Sowing of kharif crops like paddy has picked up in almost all states with the advancement of the southwest monsoon, Agriculture Minister Narendra Singh Tomar informed Parliament on Tuesday.
Rains were in excess after its onset in the first week of June, but the monsoon slipped into a hiatus around June 19 due to unfavourable weather patterns.
When asked if the government has assessed the impact of delayed monsoon on agriculture produce, Tomar in a written reply to the Lok Sabha said, "...it is too early to determine the impact of delayed monsoon on the agriculture produce".
"However, the monsoon has now covered the entire country. Kharif crop sowing has picked up in almost all major kharif growing states with the advancement of monsoon," he said.
The minister said the Met Department has forecast the southwest monsoon to be normal this year. And the proper distribution of rainfall is more important for normal crop production.

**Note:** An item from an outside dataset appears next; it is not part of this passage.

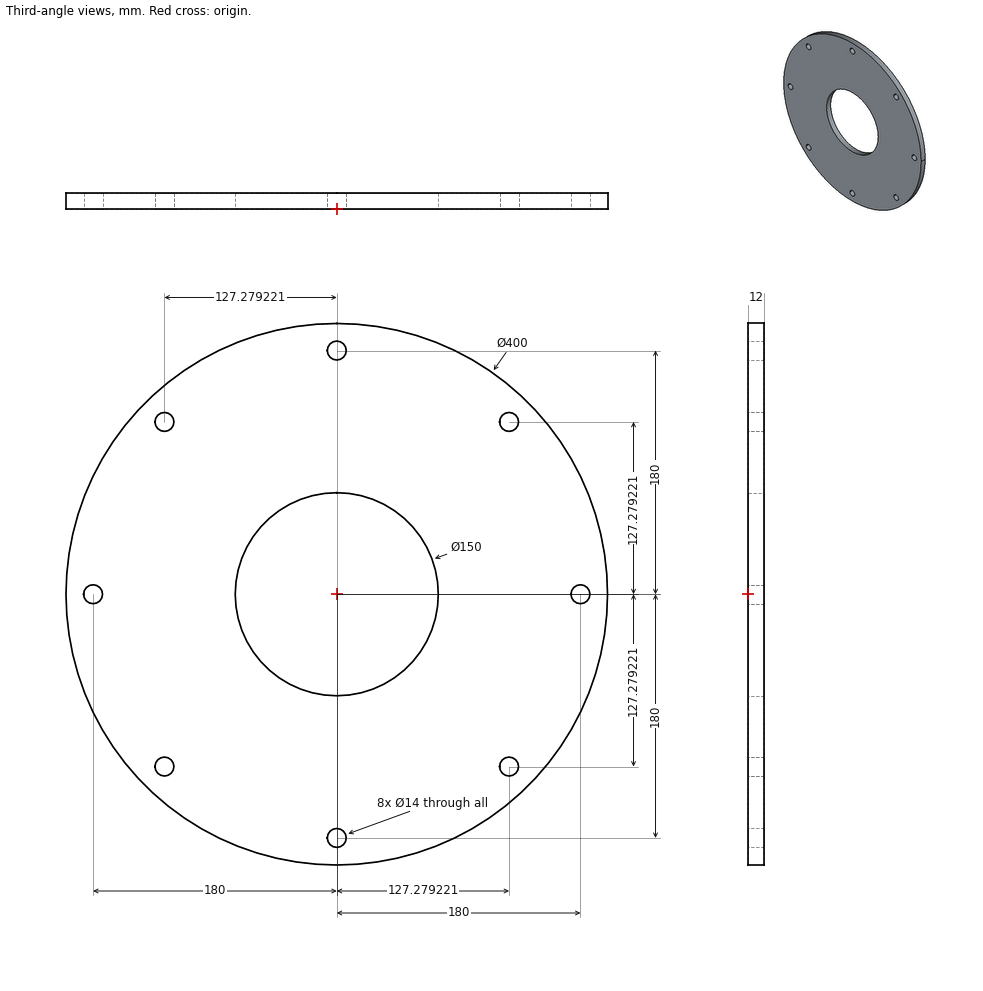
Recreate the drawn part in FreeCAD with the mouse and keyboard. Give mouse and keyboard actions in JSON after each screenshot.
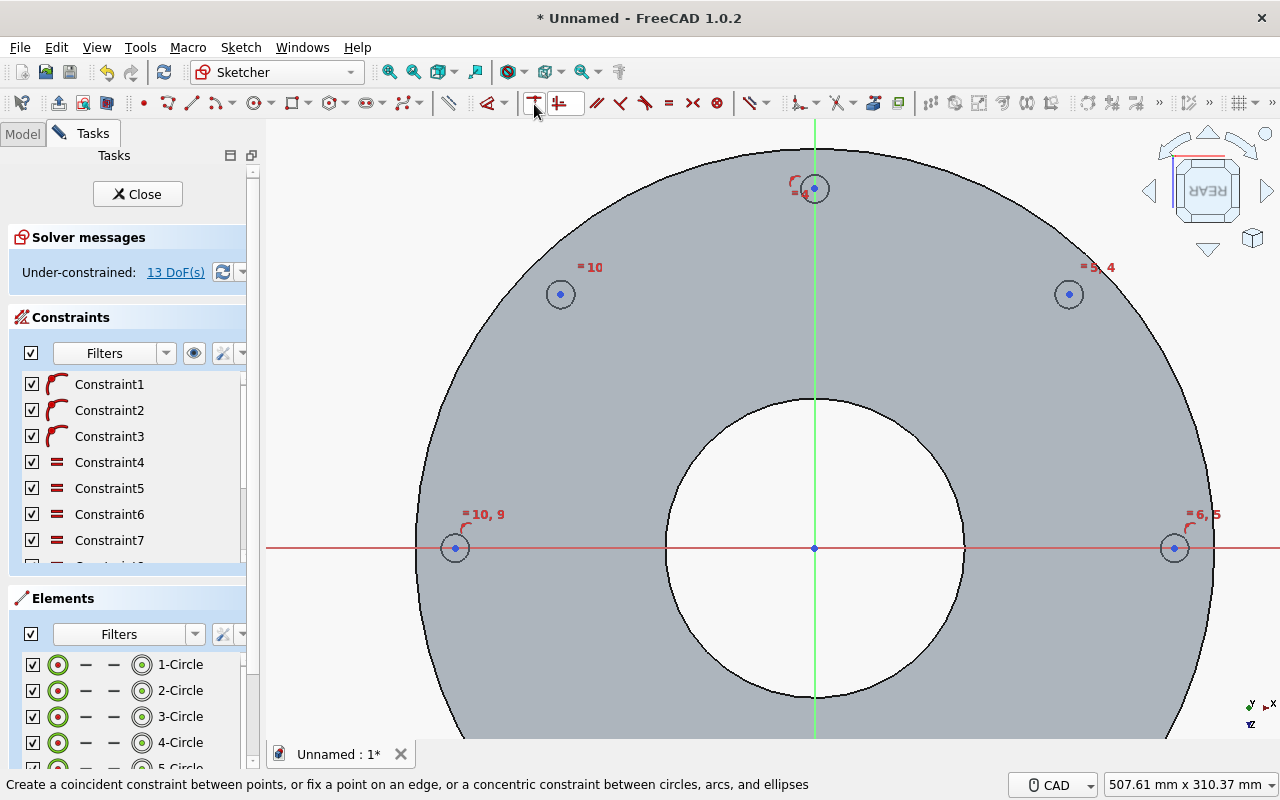
{"action": "left_click", "coordinate": [1069, 295]}

India receives about 70 per cent of its annual rainfall during the four-month season (June-September) that is crucial for the country's agriculture-dependent economy.
Till July 23 of the ongoing kharif season, farmers had sown summer crops like paddy in 721.36 lakh hectares, down from 791.84 lakh hectares in the corresponding period of kharif season 2020.
The area sown to paddy, the main kharif crop, was down 7 per cent at 207.65 lakh hectare as against 222.88 lakh hectare in the said period, as per the ministry's data.
The minister shared that the government, meanwhile, is implementing several irrigation programmes like Pradhan Mantri Krishi Sinchayee Yojana (PMKSY), and Accelerated Irrigation Benefit Programme (AIBP).